If you are interested, please refer to the original text. The notebook address is: https://www.kaggle.com/tentotheminus9/what-causes-heart-disease-explaining-the-model
Import library
This case involves several libraries in different directions:
- Data preprocessing
- Various visual drawings; Especially the visualization of shap and the use of model interpretability (this library will be written later)
- Stochastic forest model
- Model evaluation, etc
import numpy as np import pandas as pd import matplotlib.pyplot as plt import seaborn as sns from sklearn.ensemble import RandomForestClassifier from sklearn.tree import DecisionTreeClassifier from sklearn.tree import export_graphviz from sklearn.metrics import roc_curve, auc from sklearn.metrics import classification_report from sklearn.metrics import confusion_matrix from sklearn.model_selection import train_test_split import eli5 from eli5.sklearn import PermutationImportance import shap from pdpbox import pdp, info_plots np.random.seed(123) pd.options.mode.chained_assignment = None
Data exploration EDA
1. Import data

2. Missing value
The data is perfect without any missing value!

Field meaning
Here we will focus on the meaning of each field.

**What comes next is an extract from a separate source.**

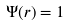<formula> <loc_0><loc_0><loc_500><loc_500>\Psi ( r ) = 1</formula> 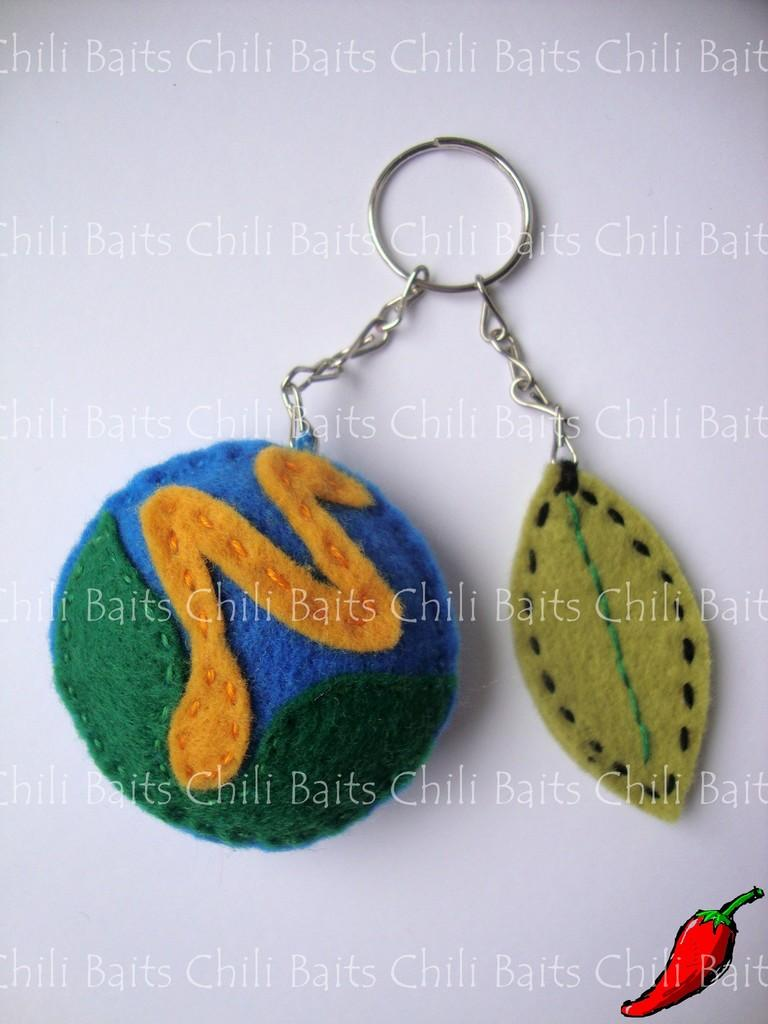What is the main subject of the image? The main subject of the image is a keychain. Can you describe the keychain in more detail? Yes, there is text and a logo on the keychain. Is there a veil covering the keychain in the image? No, there is no veil present in the image. Can you see a stream flowing in the background of the image? No, there is no stream visible in the image.

Peter's recently exported data set has slightly different names from those in the original notebook (due to time). Fortunately, Peter has made a one-to-one correspondence for you. The following is the specific Chinese meaning:
- Age: age
- Sex sex 1 = male 0 = female
- Type of cp chest pain; 4 values
- 1: Typical angina pectoris
- 2: Atypical angina pectoris
- 3: Non angina pectoris
- 4: Asymptomatic
- Restbps resting blood pressure
- chol serum cholesterol
- fbs fasting blood glucose > 120mg / dl: 1=true; 0=false
- restecg resting ECG (values 0,1,2)
- Maximum heart rate thalach
- exang exercise-induced angina pectoris (1=yes;0=no)
- ST value caused by exercise relative to rest (ST value is related to the position on ECG)
- Slope of ST segment at the peak of slope movement
- 1: upsloping tilt up
- 2: Flat flat
- 3: Downslope down
- CA the number of major vessels (0-3)
- That a blood disorder called thalassemia (3 = normal; 6 = fixed defect; 7 = reversible defect)
- target is not sick (0=no; 1=yes)
The English meaning of the original notebook;

The following is the correspondence sorted by Peter. This article takes the current version as the standard:

Field conversion
Transformation coding
Convert some fields one by one. Take the sex field as an example: change 0 into female and 1 into female in the data
# 1,sex df["sex"][df["sex"] == 0] = "female" df["sex"][df["sex"] == 1] = "male"


Field type conversion
# Specify data type df["sex"] = df["sex"].astype("object") df["cp"] = df["cp"].astype("object") df["fbs"] = df["fbs"].astype("object") df["restecg"] = df["restecg"].astype("object") df["exang"] = df["exang"].astype("object") df["slope"] = df["slope"].astype("object") df["thal"] = df["thal"].astype("object")
Generate dummy variable
# Generate dummy variable df = pd.get_dummies(df,drop_first=True) df

Random forest
Segmentation data
# Generate characteristic variable dataset and dependent variable dataset X = df.drop("target",1) y = df["target"] # The segmentation ratio is 8:2 X_train, X_test, y_train, y_test = train_test_split(X,y,test_size=0.2,random_state=10) X_train
modeling
rf = RandomForestClassifier(max_depth=5) rf.fit(X_train, y_train)
3 important attributes
Three important attributes in random forest:
- View the condition of trees in the forest: estimators_
- Out of bag estimation accuracy score: oobscore, must be OOB_ The score parameter is available only when True is selected
- Importance of variables: feature imports
Decision tree visualization
Here we choose the visualization process of the second tree:
# Check the condition of the second tree estimator = rf.estimators_[1] # All attributes feature_names = [i for i in X_train.columns] #print(feature_names)
# Specify data type y_train_str = y_train.astype('str') # 0-no 1-disease y_train_str[y_train_str == '0'] = 'no disease' y_train_str[y_train_str == '1'] = 'disease' # Value of training data y_train_str = y_train_str.values y_train_str[:5]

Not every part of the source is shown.